Then I realized that I could improve Weihnachsbar’s code. The second EXAMINE for PATTERN
was actually not necessary. Instead, the functionality of the second EXAMINE for PATTERN
could be incorporated within the first EXAMINE for PATTERN, as in:

EXAMINE #COPY FOR PATTERN #FINDPATTERN REPLACE FIRST WITH '.'
            GIVING POSITION #PATTERNSTART GIVING LENGTH #AFTERREPLACE

The new timings were:

PAGE #   1                    DATE:    Sep 08, 2006
PROGRAM: PATTRN05             LIBRARY: SYSTEM

FAST WAY       33        324

SLOW WAY       36        349

FOR LOOP        5         56

The difference between the two was certainly reduced.
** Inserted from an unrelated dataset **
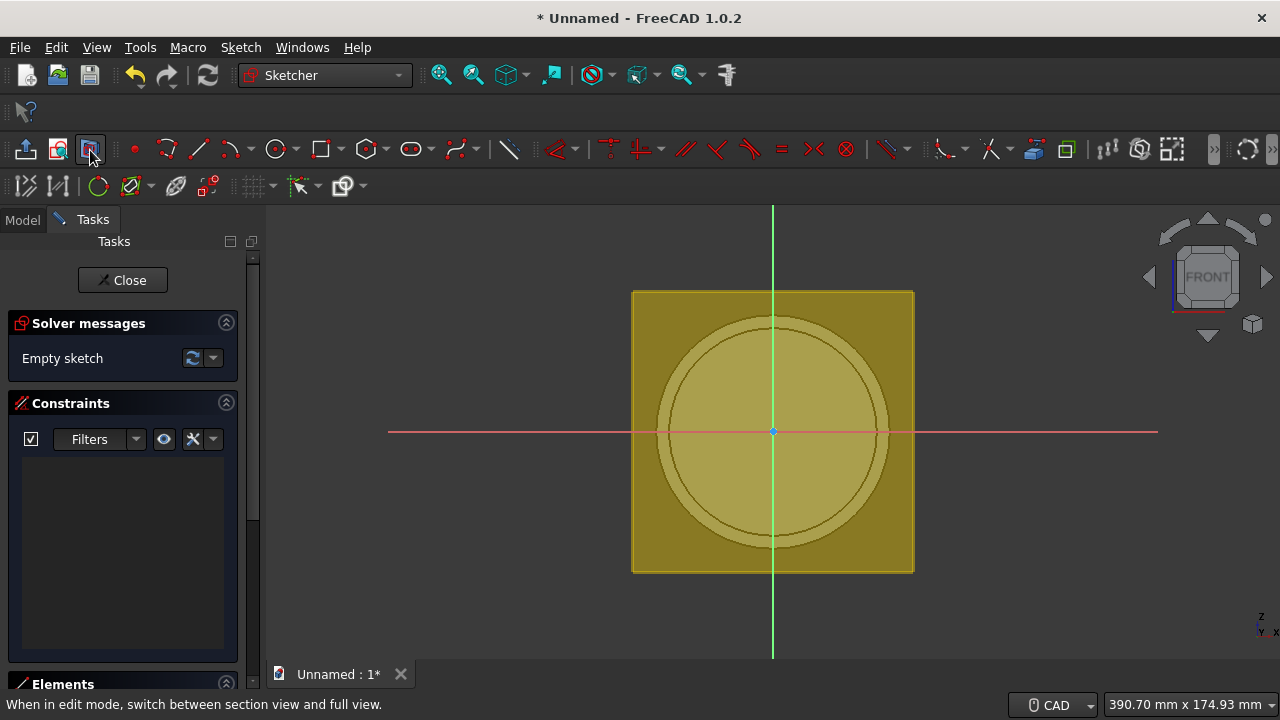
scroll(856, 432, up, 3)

After FOR loop subtractions, the
performance difference was down to about 10% (as opposed to 30% earlier).

Then I remembered an interesting fact. SUBSTRING on the mainframe was rewritten
for Version 4, resulting in substantial performance improvement. I ran PATTRN05
on the mainframe. Here are the numbers:

PAGE #   1                    DATE:    Sep 08, 2006
PROGRAM: PATTRN05             LIBRARY: SYSTEM

FAST WAY        4         37

SLOW WAY       11         64

FOR LOOP        1          5

Since most of you, I am sure, run Natural on the mainframe, the numbers above
are the most important in this exercise. Subtracting out the FOR loop, shows an
almost 50 reduction in CPU time, and a 2/3 reduction in elapsed time.

steve

I agree wholeheartedly that reduction of CPU is an important goal. My Natural and Adabas training classes focus on this. My corporate motto is “Faster code. Faster.” That is, the least amount of code to do the job in the least amount of time.

That said, I disagree that the “fast way” posted above can be considered a reasonable alternative to the “slow way.” It’s faster because it has less functionality.

Weihnachtsbar’s code is (almost) a real-life example, and satisfies the requirement of a pattern-searching algorithm. Try it with a pattern of “tts fy”. The “improved” code works only for a single example. The introduction of multiple wildcards affects the code and the CPU comparison.

Perhaps the “CPU reduction” posting belongs in a separate thread, with practical examples.

[color=“blue”]Ralph Zbrog wrote:

That said, I disagree that the “fast way” posted above can be considered
a reasonable alternative to the “slow way.” It’s faster because
it has less functionality.[/color]

The “slow” way was written by Weihnachtsbar in response to a specific
requirement as stated in the original posting by Joseph. The “fast” way code
was also offered as a response to the original request, not as a
general pattern-searching algorithm. If one restricts one’s perspective
to the requested functionality, then the two pieces of code have equivalent
functionality.

Try it with a pattern of “ttsfy”. The “improved” code works only
for a single example. The introduction of multiple wildcards affects
the code and the CPU comparison.

How about a pattern of ‘arnst’ (which is germane to the posted query’s data)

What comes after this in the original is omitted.